Before spending money, I'd always suggest going to your local library. Also, most universities (and probably some community colleges as well) have free interlibrary loan programs, which can often get you great study resources for free. No need to spend your hard-earned money unless you know you're bad at test-taking.


----------



## redcrossemt (Jan 11, 2010)

apumic said:


> Before spending money, I'd always suggest going to your local library. Also, most universities (and probably some community colleges as well) have free interlibrary loan programs, which can often get you great study resources for free. No need to spend your hard-earned money unless you know you're bad at test-taking.



That's fine and dandy, but not good practice for an electronic test. Especially for those of you who have not taken computer-based exams before, JB Learning is a big help!


----------



## Velosprocket (Jan 26, 2010)

Geez, I just signed up for the JB Learning site and I'm feeling STUPID!

I thought I had a pretty good grasp too.  I aced all my tests in class.


----------



## jmunar (Feb 1, 2010)

JB Test Prep is a great tool and investment. I used it to find my weak spots and studied over the sections in my Text. It's also in the format of how computer based testing is for the National Registry test.


----------



## TraprMike (Feb 8, 2010)

reaper said:


> It is not a course. It is just a bank of test questions. I think it is worth the money, for anyone that has problems testing. It will let you see how the questions are formated.




This^^^
passed the Nat'l test first time.  none of the questions were on the test, but got you to know what KIND of questions will be asked.. 
and more importantly, what areas you need to be studying on.


----------



## CAPilot55 (Feb 9, 2010)

I'm taking national registry on thursday..and keep using JB Learning and have been using it for about a week. But I think i am just starting to memorize the answers to the questions because i've taken the practice exams and finals over 15 times..Anyone have any input?


----------



## Velosprocket (Feb 9, 2010)

CAPilot55 said:


> I'm taking national registry on thursday..and keep using JB Learning and have been using it for about a week. But I think i am just starting to memorize the answers to the questions because i've taken the practice exams and finals over 15 times..Anyone have any input?



Make sure you read and know why the answer is correct and you will be fine.  As other people have stated, you will not see the exact JB Learning questions on the test.  The JB site does an excellent job of showing you where your weakness is.


----------



## alphatrauma (Feb 10, 2010)

*proof positive?*

Many people swear by it.. but I say otherwise.

There will be those individuals on either end of the spectrum... but for the most part, if you were awake at least half the time in school (and reasonably intelligent), you won't need JB Learning to pass National Registry.

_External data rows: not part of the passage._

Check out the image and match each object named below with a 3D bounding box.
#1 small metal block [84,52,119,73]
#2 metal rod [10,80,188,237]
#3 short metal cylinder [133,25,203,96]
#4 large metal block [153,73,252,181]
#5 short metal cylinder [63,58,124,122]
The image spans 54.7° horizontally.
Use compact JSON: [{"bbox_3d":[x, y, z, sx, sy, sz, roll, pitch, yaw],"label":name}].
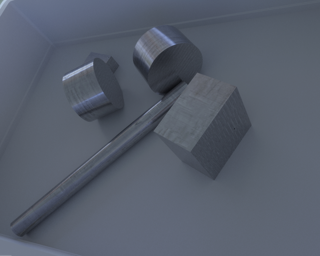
[{"bbox_3d":[-0.105,-0.097,0.518,0.050,0.025,0.050,19,72,35],"label":"small metal block"},{"bbox_3d":[-0.077,0.041,0.418,0.300,0.025,0.025,-40,51,1],"label":"metal rod"},{"bbox_3d":[0.010,-0.091,0.420,0.080,0.080,0.050,-36,52,4],"label":"short metal cylinder"},{"bbox_3d":[0.051,0.000,0.343,0.050,0.080,0.080,29,77,37],"label":"large metal block"},{"bbox_3d":[-0.095,-0.055,0.452,0.050,0.080,0.080,-23,53,14],"label":"short metal cylinder"}]
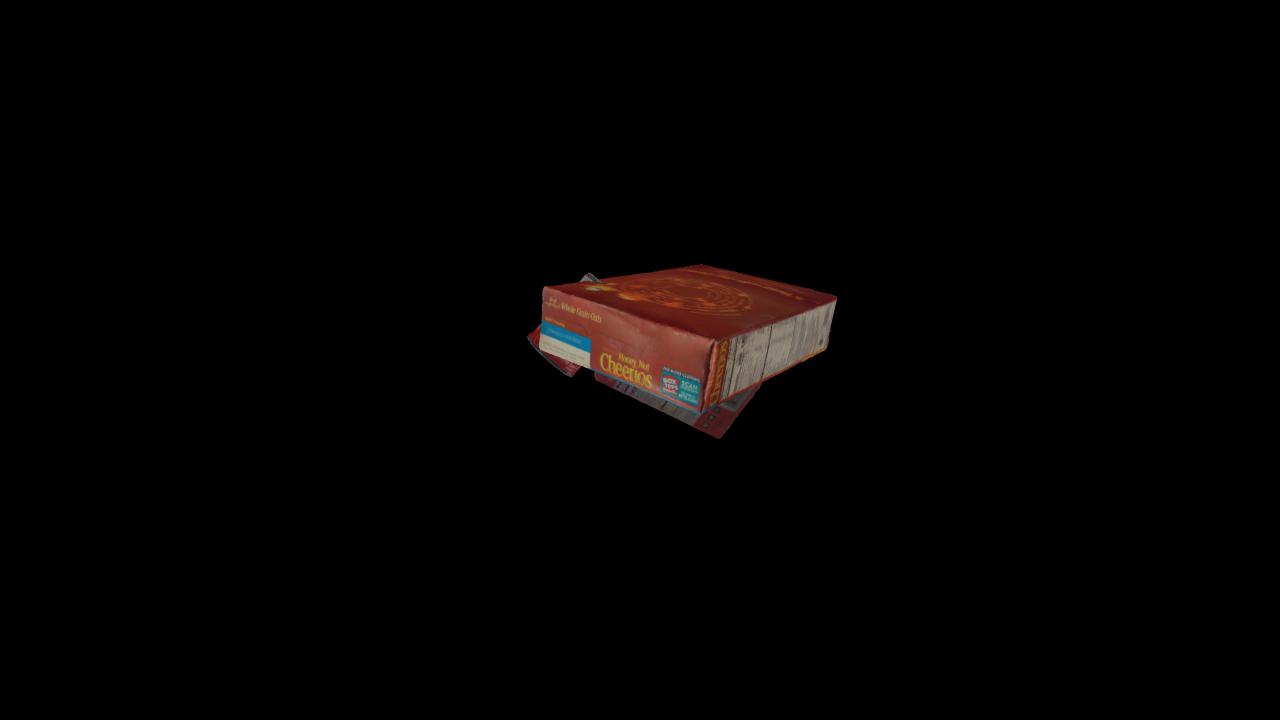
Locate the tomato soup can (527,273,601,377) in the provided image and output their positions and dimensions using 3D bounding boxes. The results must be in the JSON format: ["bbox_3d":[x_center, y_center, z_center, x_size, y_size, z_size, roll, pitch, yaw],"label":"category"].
[{"bbox_3d":[-0.067,-0.040,0.685,0.068,0.101,0.068,43,2,-2],"label":"tomato soup can"}]

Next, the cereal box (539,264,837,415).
[{"bbox_3d":[0.066,-0.041,0.684,0.203,0.081,0.306,19,23,32],"label":"cereal box"}]

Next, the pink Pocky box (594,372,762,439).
[{"bbox_3d":[0.039,0.016,0.640,0.155,0.084,0.029,26,27,-12],"label":"pink Pocky box"}]
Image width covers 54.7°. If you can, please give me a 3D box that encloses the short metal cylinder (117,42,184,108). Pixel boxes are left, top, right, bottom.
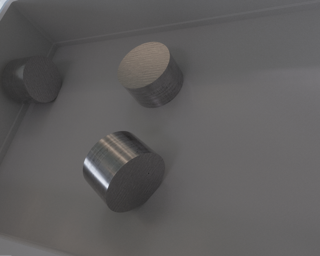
[{"bbox_3d":[-0.013,-0.075,0.443,0.080,0.050,0.080,-13,56,21],"label":"short metal cylinder"}]

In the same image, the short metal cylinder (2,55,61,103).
[{"bbox_3d":[-0.220,-0.083,0.537,0.050,0.080,0.080,-1,62,28],"label":"short metal cylinder"}]

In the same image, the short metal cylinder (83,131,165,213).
[{"bbox_3d":[-0.041,0.050,0.361,0.080,0.080,0.050,-49,51,-6],"label":"short metal cylinder"}]
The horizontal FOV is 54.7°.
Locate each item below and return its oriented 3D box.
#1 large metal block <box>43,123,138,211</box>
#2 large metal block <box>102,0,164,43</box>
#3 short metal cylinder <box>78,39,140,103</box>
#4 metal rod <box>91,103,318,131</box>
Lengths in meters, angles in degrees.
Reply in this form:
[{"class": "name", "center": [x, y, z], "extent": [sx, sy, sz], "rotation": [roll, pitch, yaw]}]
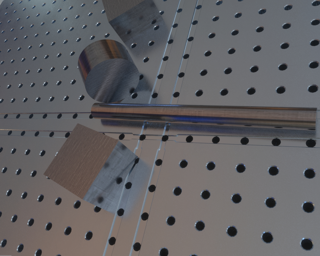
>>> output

I (and many others) have not used it and passed with no problem. I waited 4 months after graduating, and didn't crack a book until the day before testing... and only to review the rule of nines and OB

I think it works for those who _believe_ it will work for them... yeah, I'm a pessimistic cynic.


----------



## themooingdawg (Feb 10, 2010)

alphatrauma said:


> Many people swear by it.. but I say otherwise.
> 
> There will be those individuals on either end of the spectrum... but for the most part, if you were awake at least half the time in school (and reasonably intelligent), you won't need JB Learning to pass National Registry.
> 
> ...



i dont even know how this post even warrants a post in itself, unless you're trying to subtley brag about yourself; I dont see how any additional exercises and practice tests can harm anybody, but instead help the individual


----------



## alphatrauma (Feb 11, 2010)

themooingdawg said:


> i dont even know how this post even warrants a post in itself, unless you're trying to subtley brag about yourself; I dont see how any additional exercises and practice tests can harm anybody, but instead help the individual



Then maybe you ought to read it again. 

If my post hit a nerve... well, that's just unfortunate. I was hoping to convey how irrelevant JB Learning is to successfully passing the NR. I don't need to brag, *subtly* or otherwise, as I don't feel (for me) that passing the NR is anything worth harping about. I have much more laudable exploits that I can lay claim to.


----------



## TraprMike (Feb 11, 2010)

any help is good help.  Like I stated, jblearning did a good job of showing me what to concentrate on. 
www.emtb.com helped me learn the terminology and mechanics.


----------



## OHMEDIC (Feb 20, 2010)

I used JBLearning to take my NREMT-P exam...I did pass it on the first time but just because you are taking the JBLearning questions doesn't mean you can put the books down.


----------



## TraprMike (Feb 20, 2010)

OHMEDIC said:


> I used JBLearning to take my NREMT-P exam...I did pass it on the first time but just because you are taking the JBLearning questions doesn't mean you can put the books down.



+1 on this !!!


----------



## ivanh3 (Mar 15, 2010)

I used JB learning, and I have mixed feelings. I felt the questions were good questions, however, I felt they were in no way similiar to the NREMT questions. Without going into specifics I will say this: the NREMT questions did not seem near as "concrete" as the JB questions. I did like the way you could concentrate on a specific area with JB learning, and I do feel you can identify your weak areas.


----------